You know who else heard? Four, who slipped into the group like a ghost who knows how long ago, who Legend noticed just now (and he didn’t make any weird noises, shut up, Warriors), and who is looking at the Palace book like it is his personal nightmare. Get in line, Four, this is Legend’s personal nightmare and you can’t have it, even if it’s your grave or something.

He snatches the books from the table, away from Four, and throws them into his bag where they will hopefully vanish into the void and reappear in Ravio’s hands later. Four follows his movement with his eyes, emerald green glowing unnaturally the same way they do when he summons the winds, and Legend has maybe half a second to leap back before sharp gales slash directly where he had been, leaving a large gash on the ground.

The others rush to action, Twilight and Sky holding Four in place as everyone with some degree of control over magic attempts to keep the damage of the miniature hurricane to the minimum. Legend feels his heart beat loudly inside his chest, memories of a similar attack long ago in a dark, heavy room where four siblings were laid at rest flashing before his eyes, his body hopefully frozen and not reacting to the threatening aura coming from Four.

This is the last time he opens up about anything ever again.

 

In the end, Four’s tantrum is ended by Ravio’s magic slamming everyone and everything down to the ground at a single word, except for Legend—who thankfully can’t be affected by most of Ravio’s magic, the only reason why he is still alive after witnessing the cowardly Hero lose control of himself.
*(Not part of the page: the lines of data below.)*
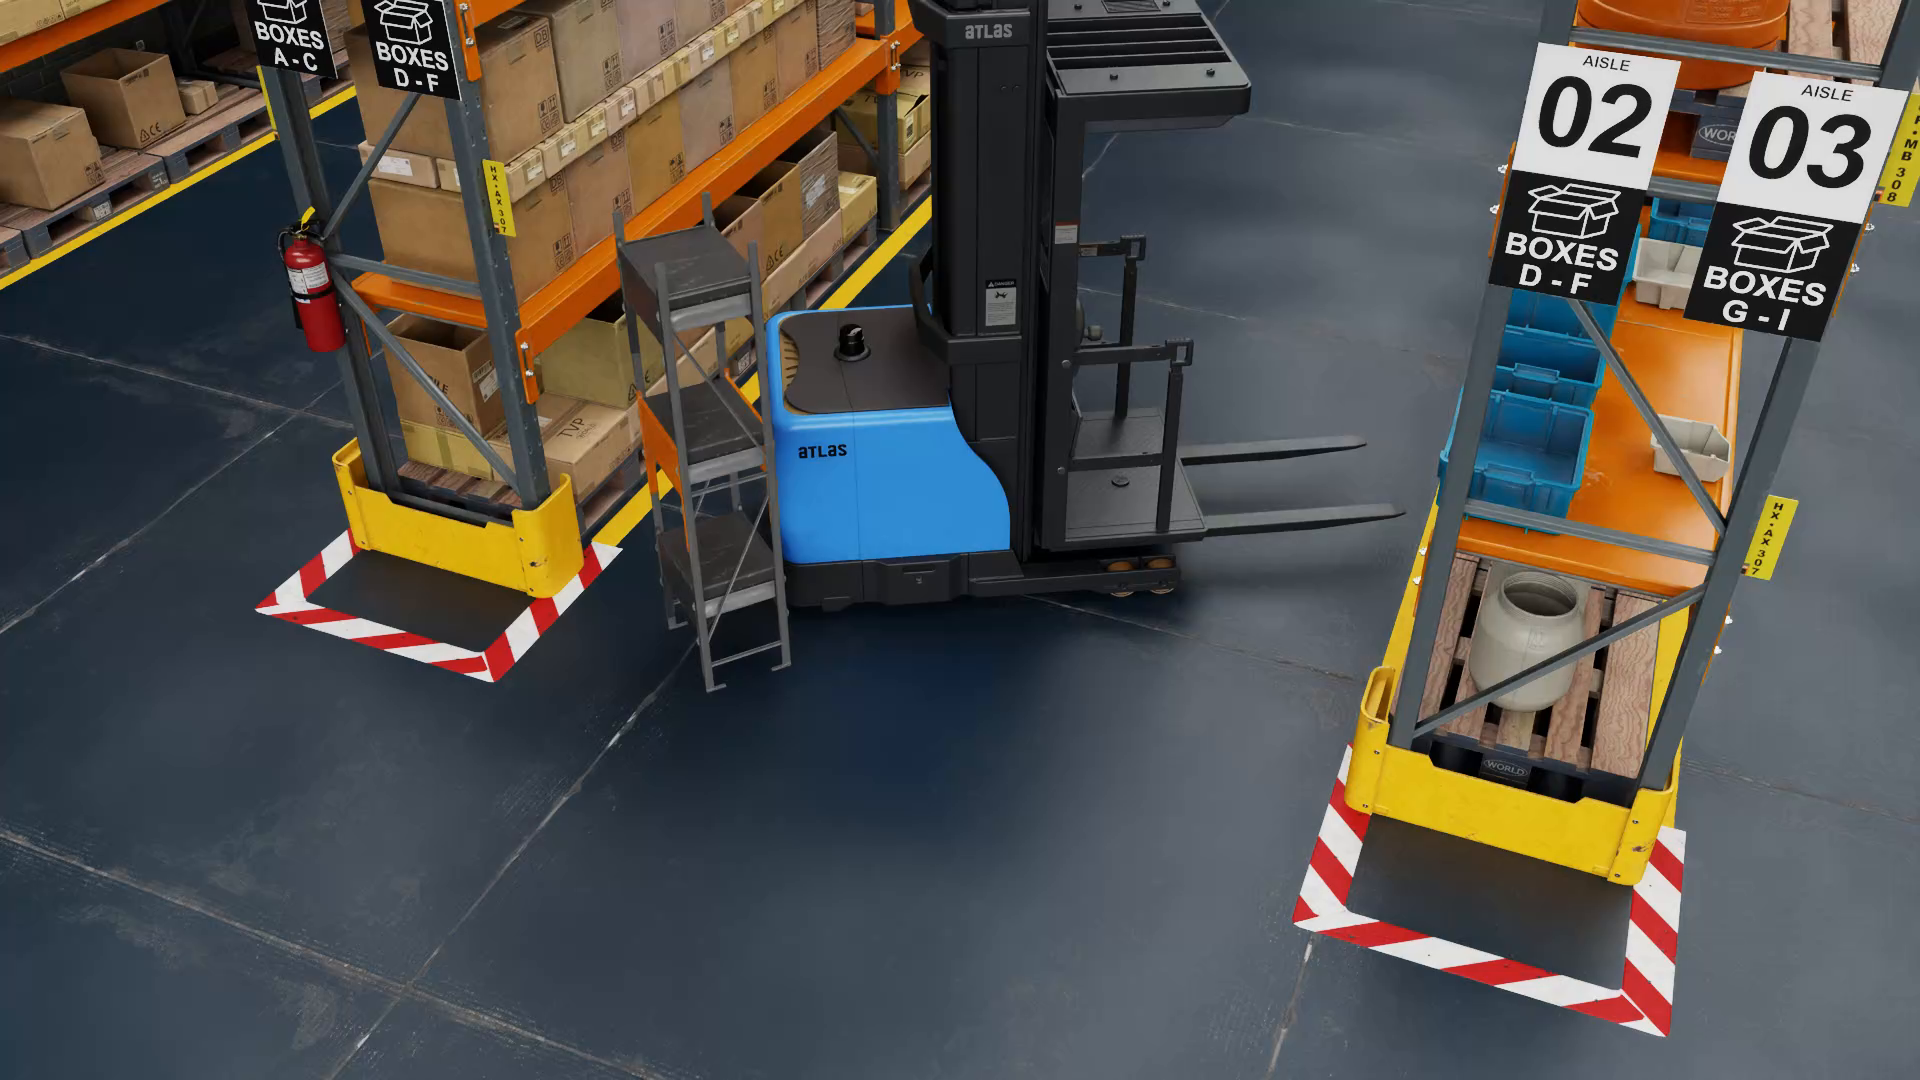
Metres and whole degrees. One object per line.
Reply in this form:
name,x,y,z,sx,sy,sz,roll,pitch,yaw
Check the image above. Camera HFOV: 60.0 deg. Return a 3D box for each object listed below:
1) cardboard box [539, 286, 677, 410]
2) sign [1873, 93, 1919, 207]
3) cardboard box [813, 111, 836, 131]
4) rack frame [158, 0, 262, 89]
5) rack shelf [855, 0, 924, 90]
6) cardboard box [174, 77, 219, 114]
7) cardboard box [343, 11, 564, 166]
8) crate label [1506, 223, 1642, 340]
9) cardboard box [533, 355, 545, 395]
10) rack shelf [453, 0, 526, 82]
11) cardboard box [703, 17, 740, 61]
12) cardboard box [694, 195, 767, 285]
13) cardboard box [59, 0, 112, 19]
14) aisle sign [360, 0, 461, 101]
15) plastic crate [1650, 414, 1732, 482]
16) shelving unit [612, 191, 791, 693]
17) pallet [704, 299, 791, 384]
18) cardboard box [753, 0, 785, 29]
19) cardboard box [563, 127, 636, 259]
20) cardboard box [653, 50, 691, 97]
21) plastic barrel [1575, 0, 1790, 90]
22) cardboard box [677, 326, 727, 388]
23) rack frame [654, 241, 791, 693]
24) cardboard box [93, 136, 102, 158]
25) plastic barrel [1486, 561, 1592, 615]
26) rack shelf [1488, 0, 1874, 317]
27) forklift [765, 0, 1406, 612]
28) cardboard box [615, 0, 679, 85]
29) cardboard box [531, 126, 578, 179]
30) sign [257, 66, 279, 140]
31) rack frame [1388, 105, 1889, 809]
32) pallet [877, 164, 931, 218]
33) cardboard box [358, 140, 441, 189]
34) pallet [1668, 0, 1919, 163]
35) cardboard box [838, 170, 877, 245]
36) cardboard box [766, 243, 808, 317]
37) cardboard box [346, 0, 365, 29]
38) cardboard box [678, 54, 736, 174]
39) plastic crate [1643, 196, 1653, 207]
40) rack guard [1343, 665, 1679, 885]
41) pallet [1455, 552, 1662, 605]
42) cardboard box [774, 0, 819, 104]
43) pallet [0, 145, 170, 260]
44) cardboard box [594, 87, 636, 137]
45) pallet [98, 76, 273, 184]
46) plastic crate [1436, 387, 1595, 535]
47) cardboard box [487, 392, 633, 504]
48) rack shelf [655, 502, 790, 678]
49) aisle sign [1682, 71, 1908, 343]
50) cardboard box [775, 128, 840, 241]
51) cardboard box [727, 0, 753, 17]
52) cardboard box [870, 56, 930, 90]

His parallel self looks mildly infuriated, the way he does the rare times he is very, very angry, and then he ushers the others away with all the emotion of a Lorulean needing some time alone.
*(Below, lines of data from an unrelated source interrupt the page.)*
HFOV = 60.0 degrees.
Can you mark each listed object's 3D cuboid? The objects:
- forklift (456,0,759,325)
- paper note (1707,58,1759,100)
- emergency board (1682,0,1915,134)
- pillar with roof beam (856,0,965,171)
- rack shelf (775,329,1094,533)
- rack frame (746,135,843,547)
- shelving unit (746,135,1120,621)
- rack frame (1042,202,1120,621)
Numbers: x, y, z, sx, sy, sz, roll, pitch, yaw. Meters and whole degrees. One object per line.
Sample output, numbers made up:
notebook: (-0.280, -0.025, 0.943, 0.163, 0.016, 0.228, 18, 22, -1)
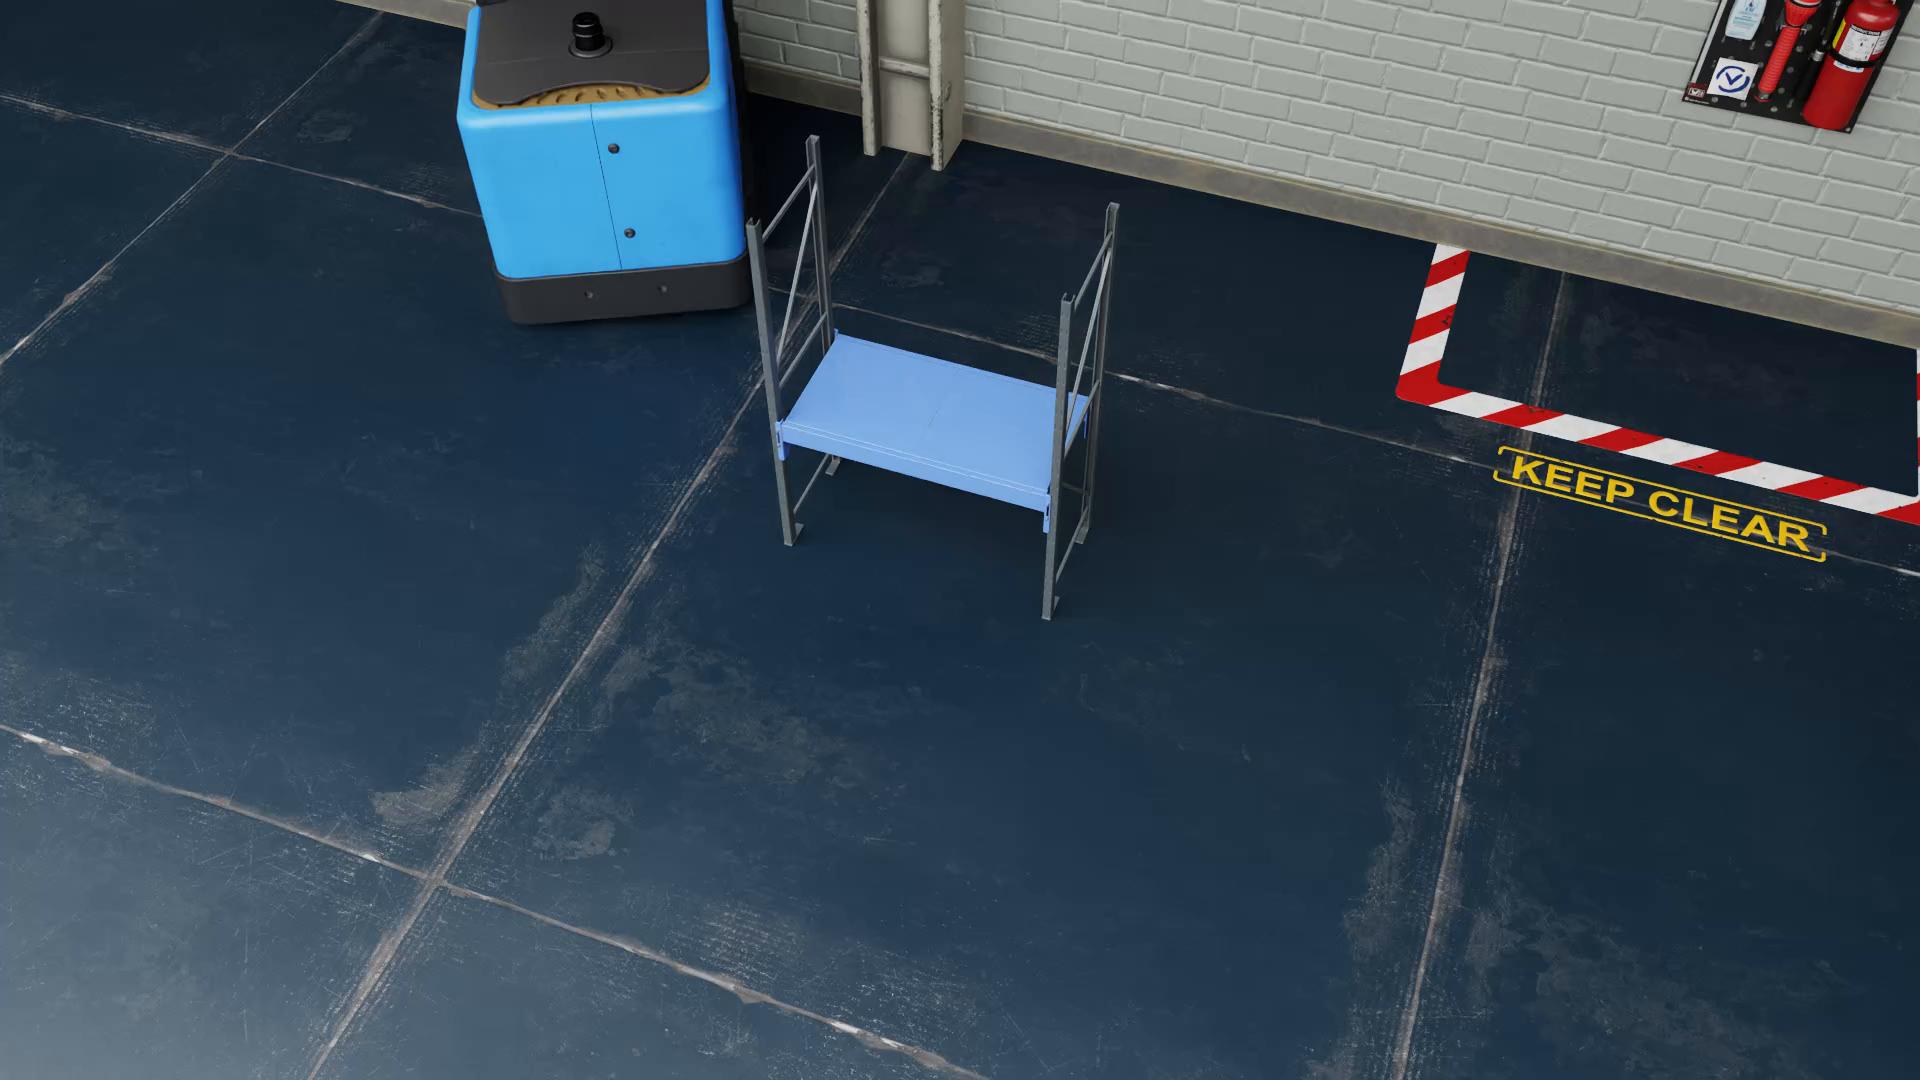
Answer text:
forklift: (-1.573, -2.985, 6.897, 1.130, 2.935, 3.031, -6, 49, -5)
paper note: (2.965, -1.769, 6.381, 0.142, 0.148, 0.016, 16, 51, 13)
emergency board: (3.107, -1.962, 5.965, 0.643, 1.169, 0.194, 16, 51, 13)
pillar with roof beam: (-1.708, -1.772, 1.831, 0.400, 9.000, 9.100, 16, 51, 13)
rack shelf: (-0.080, -0.396, 5.839, 1.000, 0.185, 0.538, 16, 51, 13)
rack frame: (-0.557, -0.647, 5.818, 0.032, 1.500, 0.500, 16, 51, 13)
shelving unit: (-0.080, -0.514, 5.703, 1.048, 1.500, 0.538, 16, 51, 13)
rack frame: (0.397, -0.380, 5.587, 0.032, 1.500, 0.500, 16, 51, 13)

(Loruleans need lots of ‘me’ time, they are very volatile.)

Unfortunately, Ravio loses his spine right afterwards, so bringing an unconscious Four back inside ends up being Legend’s task as the other man hides inside his cloak tugging at his hair. Sheerow, bless his tiny feathered heart, keeps him company while Legend recomposes himself, and then they meet again in their ‘anything and everything’ room with coffee for their together-alone time. The books remain safely hidden inside Ravio’s endless void of a bag, to be returned to the library at a later date when he feels safe enough to head to town once more.

They sit in silence for a few minutes, maybe an hour, neither of them can tell right now.

“I owe you one,” Legend says eventually, raising a fist. Ravio bumps it with his own, grinning, and it is only then that Legend realizes his mistake.

“A debt owed, to be repaid.” His voice shimmers with magic, and sadly this isn’t one Legend is immune to as it doesn’t technically come from him. Rupees, he hates owing debts to Ravio, to Loruleans in general but to Ravio most of all: the ridiculous oath bindings feel like physical chains around one’s heart, and his idiot of a roommate is strong enough to bring that particular part of Lorule’s nature into Hyrule without a thought.

“We are in Hyrule.”

“It is still a debt, and a debt is an oath. I can draw a contract if you want, Mr. Hero?”

Yeah, he can’t break it, the oath is there to stay. Hopefully he can clear this debt without parting from all his money, but— Wait! Ravio owes him a lot, doesn’t he?

“You’re staying here for free—!“

“Different values!”

“Pretty sure they aren’t different at all!”

“Ha, try it! See if the oath recognizes it as equal value.”

It doesn’t, of course it doesn’t, Legend has gone through this same exchange countless times and he always ends up losing. Why does he even bother? Lolia is playing favourites again, he is sure of at least that much.

“Okay, fine.” He gets up and takes both their coffee mugs to wash them. Ravio follows because he’s in charge of cooking in this household and that isn’t going to change anytime soon. “Now tell me, what did you tell the others?”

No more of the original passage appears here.